Before anything else, we import `pandas`. By convention, it's imported as `pd` to save typing. Reading in a CSV is just as easy as you'd guess. We'll load the Colorado population estimates. 

In [2]:
import pandas as pd
popest = pd.read_csv('PEP_2014_PEPANNRES_with_ann.csv') 

`popest` is a `DataFrame`. Mostly, you can think of a `DataFrame` as a single worksheet from a spreadsheet, or even more as a database table. 

Each column of your `DataFrame` has a name and specific datatype. Technically, the columns are `Series` objects.

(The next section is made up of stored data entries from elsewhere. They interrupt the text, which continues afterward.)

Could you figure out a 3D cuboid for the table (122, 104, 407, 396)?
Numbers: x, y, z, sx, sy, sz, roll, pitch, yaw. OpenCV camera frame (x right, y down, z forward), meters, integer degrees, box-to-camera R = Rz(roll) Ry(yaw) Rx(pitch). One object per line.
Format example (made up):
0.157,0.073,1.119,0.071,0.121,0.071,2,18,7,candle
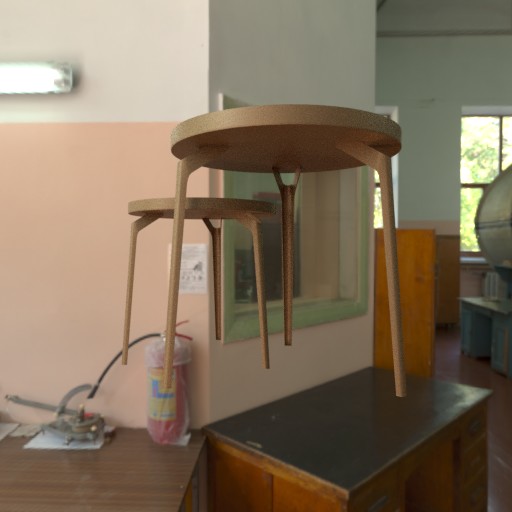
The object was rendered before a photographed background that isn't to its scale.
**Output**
0.000,0.000,1.110,0.751,0.555,0.532,1,2,36,table

A lot of the time you don't have to worry about the terminology, but it can pay off to know the right words when googling or asking for help.

You'll see that one reason people like `pandas` and `jupyter` is that you can just kinda 'look' at your data 

In [3]:
popest.head() # head() Defaults to giving you the first five rows of the data frame

Unnamed: 0,GEO.id,GEO.id2,GEO.display-label,rescen42010,resbase42010,respop72010,respop72011,respop72012,respop72013,respop72014
0,Id,Id2,Geography,"April 1, 2010 - Census","April 1, 2010 - Estimates Base",Population Estimate (as of July 1) - 2010,Population Estimate (as of July 1) - 2011,Population Estimate (as of July 1) - 2012,Population Estimate (as of July 1) - 2013,Population Estimate (as of July 1) - 2014
1,1620000US0800760,0800760,"Aguilar town, Colorado",538,538,535,520,519,496,479
2,1620000US0800925,0800925,"Akron town, Colorado",1702,1702,1699,1700,1678,1693,1694
3,1620000US0801090,0801090,"Alamosa city, Colorado",8780,8828,9268,9393,9423,9550,9531
4,1620000US0801530,0801530,"Alma town, Colorado",270,270,271,269,269,271,275


### Loading, refined

Notice row `0` -- it's not a data row, it's a second header. This kind of thing is common in Excel, but it can tangle you up when you use python code for data analysis. Let's fix that.

In [4]:
popest = pd.read_csv('PEP_2014_PEPANNRES_with_ann.csv', 
                      skiprows=2, # we can't use row 0 and skip only row 1 so we skip both
                      header=None, # and tell pandas that it shouldn't treat the first non-skipped row as a header
                      names=[u'GEO.id', u'GEO.id2', # and since there's no header, we provide the names
                             u'GEO.display-label', u'rescen42010',
                             u'resbase42010', u'respop72010', u'respop72011', 
                             u'respop72012', u'respop72013', u'respop72014'])
popest.head()

Unnamed: 0,GEO.id,GEO.id2,GEO.display-label,rescen42010,resbase42010,respop72010,respop72011,respop72012,respop72013,respop72014
0,1620000US0800760,800760,"Aguilar town, Colorado",538,538,535,520,519,496,479
1,1620000US0800925,800925,"Akron town, Colorado",1702,1702,1699,1700,1678,1693,1694
2,1620000US0801090,801090,"Alamosa city, Colorado",8780,8828,9268,9393,9423,9550,9531
3,1620000US0801530,801530,"Alma town, Colorado",270,270,271,269,269,271,275
4,1620000US0802355,802355,"Antonito town, Colorado",781,781,782,784,779,776,775


Huh. This time when it loaded `GEO.id2`, which a lot of people would call a *FIPS code*, it lost the leading `0`. You've probably fought this battle before with US ZIP codes too. The software needs a clue that those leading zeroes are important to us.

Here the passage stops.